▶ Your objective:
Return every line of the records that includes the string "width".

..............................

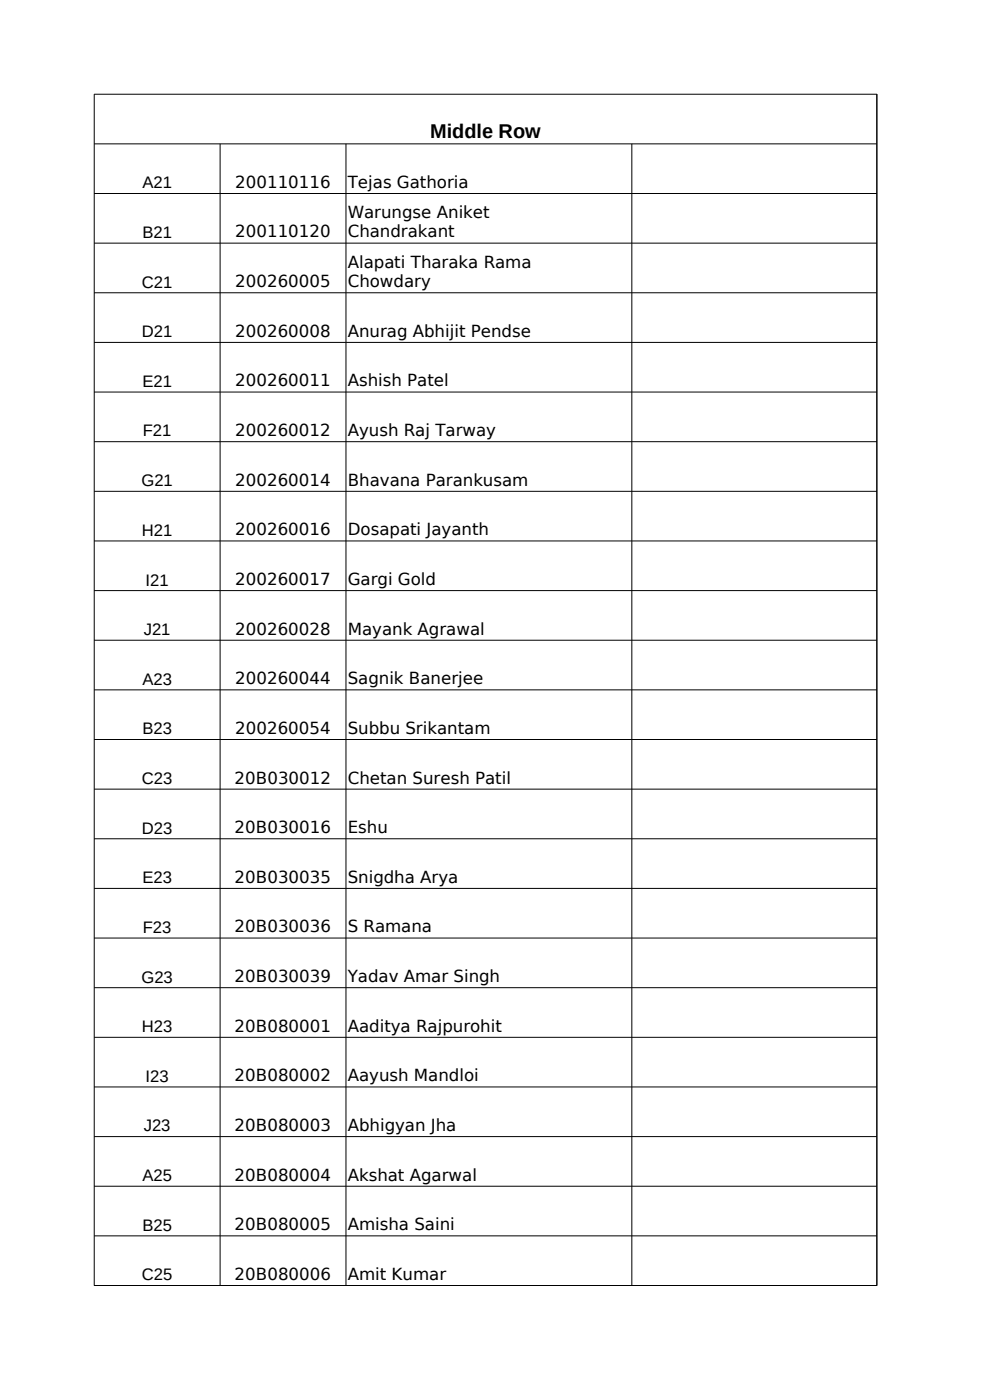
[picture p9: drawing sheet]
<svg xmlns="http://www.w3.org/2000/svg" width="210mm" height="297mm" viewBox="0 0 210 297" stroke-linecap="round" stroke-linejoin="round" font-family="sans-serif">
<defs><g id="words">
<text font-size="4.2" x="91.3" y="29.3">Middle Row</text>
<g font-size="3.5">
<text x="30.2" y="40">A21</text>
<text x="49.9" y="39.9">200110116</text>
<text x="73.8" y="39.9">Tejas Gathoria</text>
<text x="73.8" y="46.3">Warungse Aniket</text>
<text x="30.2" y="50.5">B21</text>
<text x="49.9" y="50.4">200110120</text>
<text x="73.8" y="50.4">Chandrakant</text>
<text x="73.8" y="56.8">Alapati Tharaka Rama</text>
<text x="30.1" y="61">C21</text>
<text x="49.9" y="60.9">200260005</text>
<text x="73.8" y="60.9">Chowdary</text>
<text x="30.1" y="71.5">D21</text>
<text x="49.9" y="71.4">200260008</text>
<text x="73.8" y="71.4">Anurag Abhijit Pendse</text>
<text x="30.2" y="82.1">E21</text>
<text x="49.9" y="82">200260011</text>
<text x="73.8" y="82">Ashish Patel</text>
<text x="30.3" y="92.6">F21</text>
<text x="49.9" y="92.5">200260012</text>
<text x="73.8" y="92.5">Ayush Raj Tarway</text>
<text x="30" y="103.2">G21</text>
<text x="49.9" y="103.1">200260014</text>
<text x="73.8" y="103.1">Bhavana Parankusam</text>
<text x="30.1" y="113.7">H21</text>
<text x="49.9" y="113.6">200260016</text>
<text x="73.8" y="113.6">Dosapati Jayanth</text>
<text x="30.9" y="124.2">I21</text>
<text x="49.9" y="124.1">200260017</text>
<text x="73.8" y="124.1">Gargi Gold</text>
<text x="30.5" y="134.7">J21</text>
<text x="49.9" y="134.6">200260028</text>
<text x="73.8" y="134.6">Mayank Agrawal</text>
<text x="30.2" y="145.3">A23</text>
<text x="49.9" y="145.2">200260044</text>
<text x="73.8" y="145.2">Sagnik Banerjee</text>
<text x="30.2" y="155.8">B23</text>
<text x="49.9" y="155.7">200260054</text>
<text x="73.8" y="155.7">Subbu Srikantam</text>
<text x="30.1" y="166.3">C23</text>
<text x="49.8" y="166.2">20B030012</text>
<text x="73.8" y="166.2">Chetan Suresh Patil</text>
<text x="30.1" y="176.9">D23</text>
<text x="49.8" y="176.7">20B030016</text>
<text x="73.8" y="176.7">Eshu</text>
<text x="30.2" y="187.4">E23</text>
<text x="49.8" y="187.3">20B030035</text>
<text x="73.8" y="187.3">Snigdha Arya</text>
<text x="30.3" y="197.9">F23</text>
<text x="49.8" y="197.8">20B030036</text>
<text x="73.8" y="197.8">S Ramana</text>
<text x="30" y="208.5">G23</text>
<text x="49.8" y="208.4">20B030039</text>
<text x="73.8" y="208.4">Yadav Amar Singh</text>
<text x="30.1" y="219">H23</text>
<text x="49.8" y="218.9">20B080001</text>
<text x="73.8" y="218.9">Aaditya Rajpurohit</text>
<text x="30.9" y="229.5">I23</text>
<text x="49.8" y="229.4">20B080002</text>
<text x="73.8" y="229.4">Aayush Mandloi</text>
<text x="49.8" y="239.9">20B080003</text>
<text x="73.8" y="239.9">Abhigyan Jha</text>
<text x="30.5" y="240">J23</text>
<text x="30.2" y="250.6">A25</text>
<text x="49.8" y="250.5">20B080004</text>
<text x="73.8" y="250.5">Akshat Agarwal</text>
<text x="30.2" y="261.1">B25</text>
<text x="49.8" y="261">20B080005</text>
<text x="73.8" y="261">Amisha Saini</text>
<text x="30.1" y="271.6">C25</text>
<text x="49.8" y="271.5">20B080006</text>
<text x="73.8" y="271.5">Amit Kumar</text>
</g>
</g></defs>
<g fill="none" stroke="#000" stroke-width=".21">
<path d="M186 20v252.7M186 20h-166v252.7M20 30.5h166M46.7 30.5v242.2M73.4 30.5v242.2M134 30.5v242.2M20 41.1h166M20 51.6h166M20 62.1h166M20 72.6h166M20 83.2h166M20 93.7h166"/>
<path d="M20 104.2h166M20 114.8h166M20 125.3h166M20 135.8h166M20 146.4h166M20 156.9h166M20 167.4h166M20 177.9h166M20 188.5h166M20 199h166M20 209.5h166M20 220.1h166"/>
<path d="M20 230.6h166M20 241.1h166M20 251.7h166M20 262.2h166M20 272.7h166"/>
</g>
<use href="#words"/>
</svg>

..............................

▶ Reply to the task:
<svg xmlns="http://www.w3.org/2000/svg" width="210mm" height="297mm" viewBox="0 0 210 297" stroke-linecap="round" stroke-linejoin="round" font-family="sans-serif">
<g fill="none" stroke="#000" stroke-width=".21">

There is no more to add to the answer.